Here’s where it gets real: this isn’t just about preferences anymore. Pew Research found that 46% of remote-capable workers would straight-up leave if they had to go back full-time. Not “would consider leaving.” Would leave. We’re talking about half your workforce ready to walk if you kill remote work. New grads, senior executives, everyone in between—they’re all willing to bet their careers on staying home. That’s not a retention risk. That’s a retention crisis waiting to happen.
Why are people so attached to remote work? It’s not complicated. They’ve restructured their entire lives around it. No commute means seeing their kids before bedtime. Midday grocery runs mean weekends are weekends again. They’re not slacking—they’re fitting life around work instead of the other way around. And it turns out, most people get more done when they’re not exhausted from the daily grind.
But let’s be honest about what’s broken. Companies thought they could just move meetings online and call it done. Instead, they got confused workflows, dying collaboration, and new hires who’ve never met their team. The water cooler conversations everyone mocked? Turns out they were holding a lot together. Now companies need to figure out how to build connections without proximity, train people who’ll never see the office, and keep async teams from becoming isolated islands.

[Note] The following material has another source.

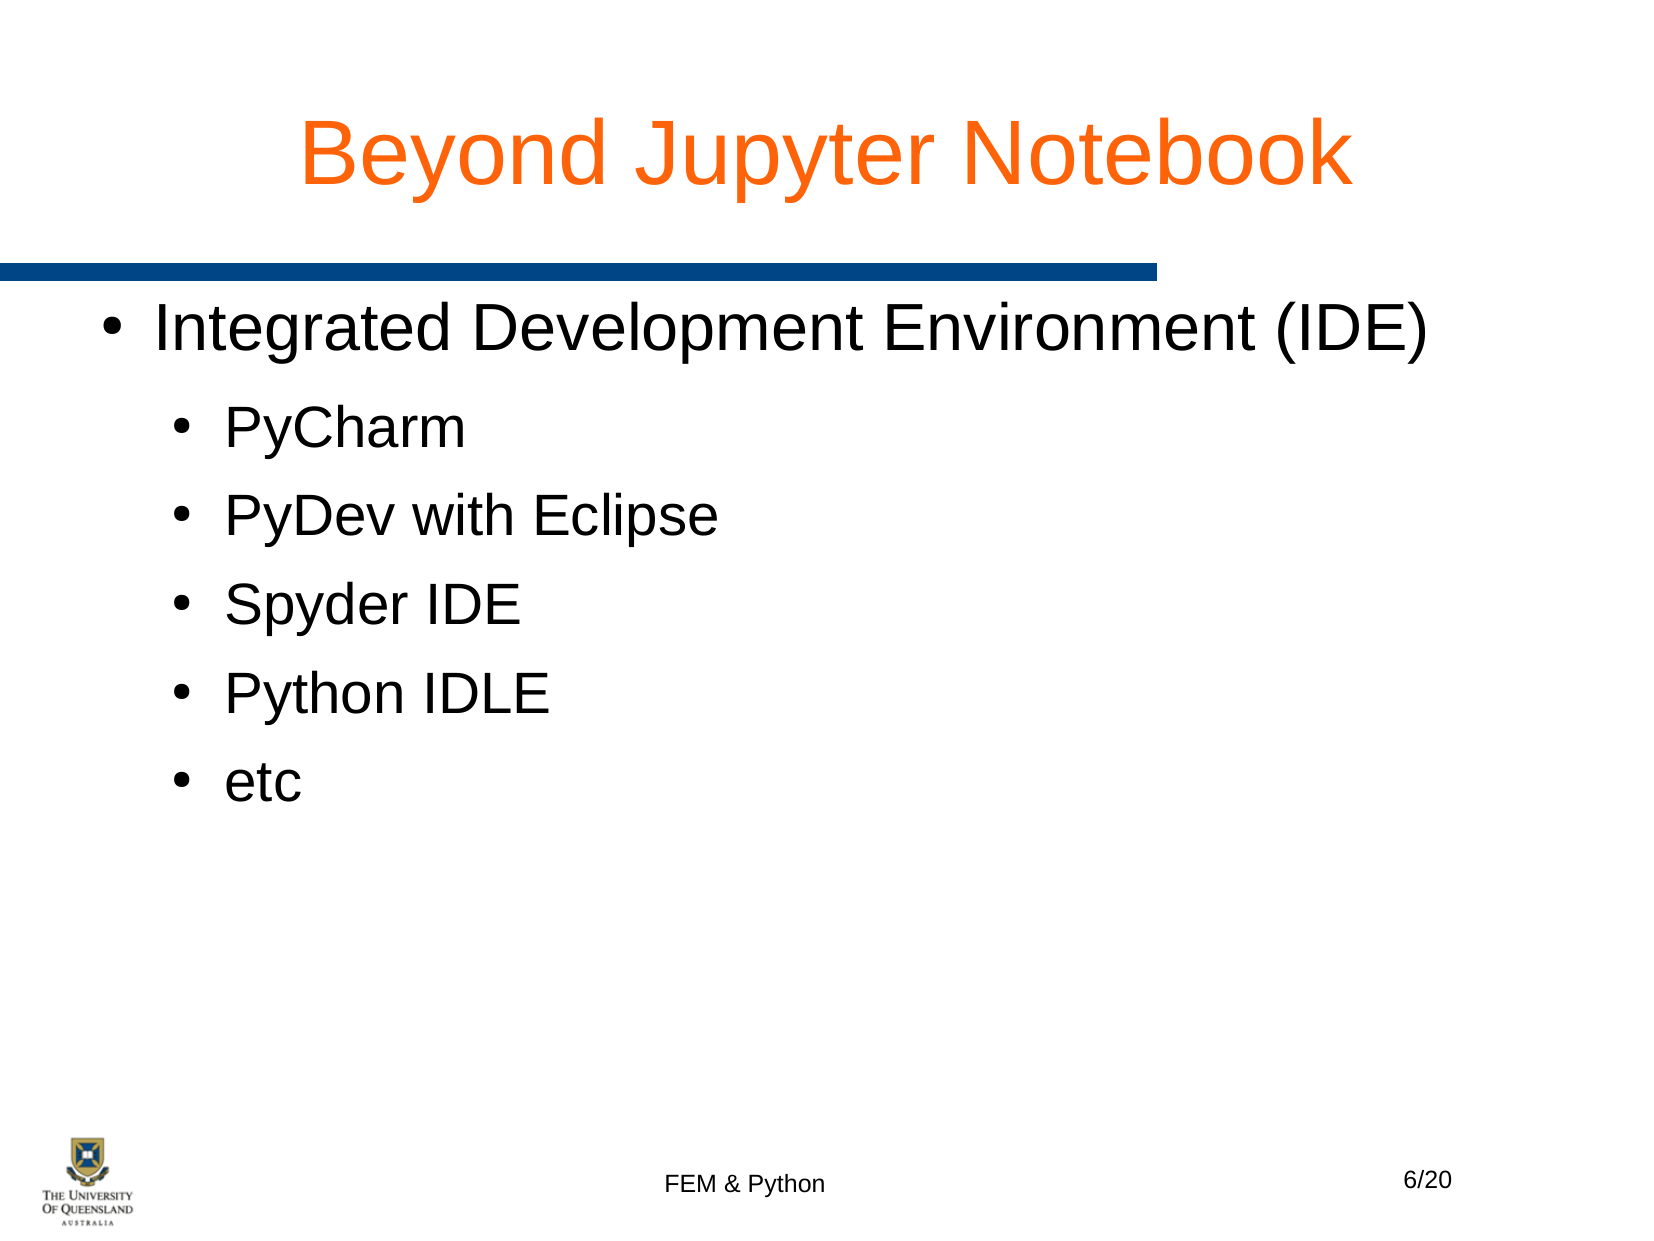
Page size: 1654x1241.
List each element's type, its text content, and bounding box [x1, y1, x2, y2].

title Beyond Jupyter Notebook [82, 49, 1571, 257]
picture [35, 1133, 142, 1235]
list Integrated Development Environment (IDE) PyCharm PyDev with Eclipse Spyder IDE Python IDLE etc [82, 290, 1571, 1010]
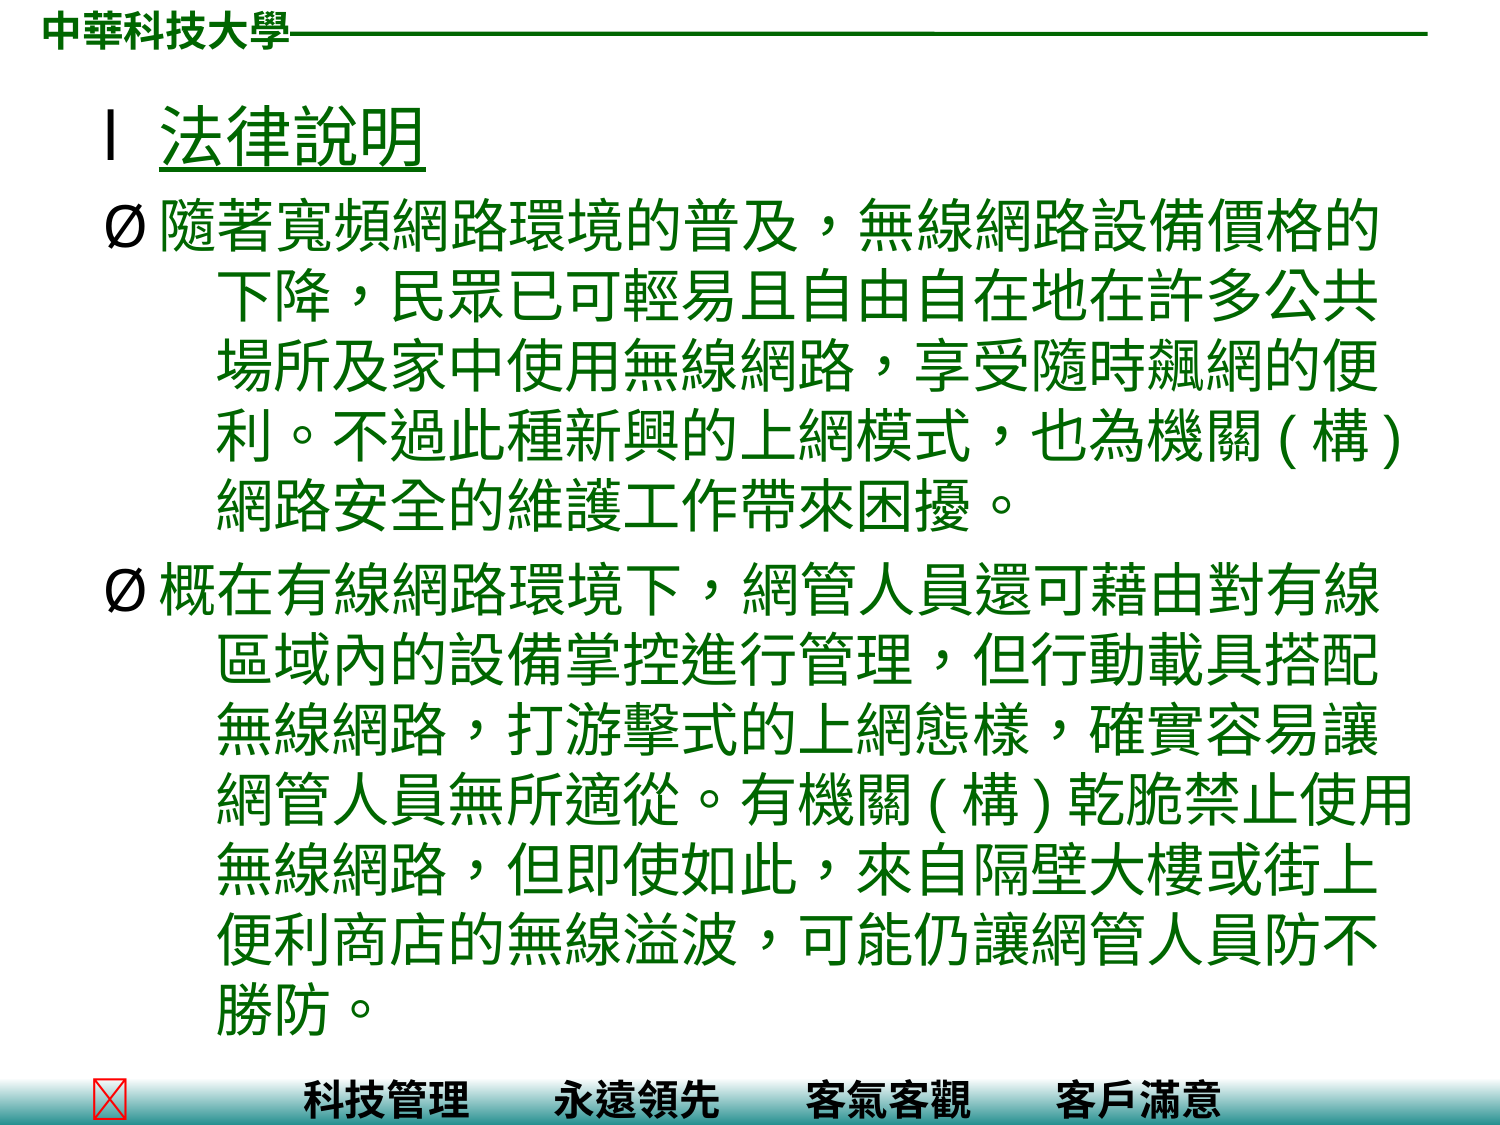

The path forward isn’t about choosing sides—it’s about making whatever you choose work. That means real onboarding for remote employees, not just shipping them a laptop. Clear processes for who works where and when. Systems that don’t fall apart when half your team is in different time zones. Because whether you go full remote, full office, or somewhere in between, the old playbook is dead. Time to write a new one.
Remote work and company culture
Building company culture without an actual company office? Yeah, it’s as hard as it sounds. You can’t rely on pizza Fridays, ping-pong tables, or those accidental conversations by the coffee machine anymore. When your team is scattered across living rooms and home offices, you can’t just hope culture happens—you have to deliberately create it.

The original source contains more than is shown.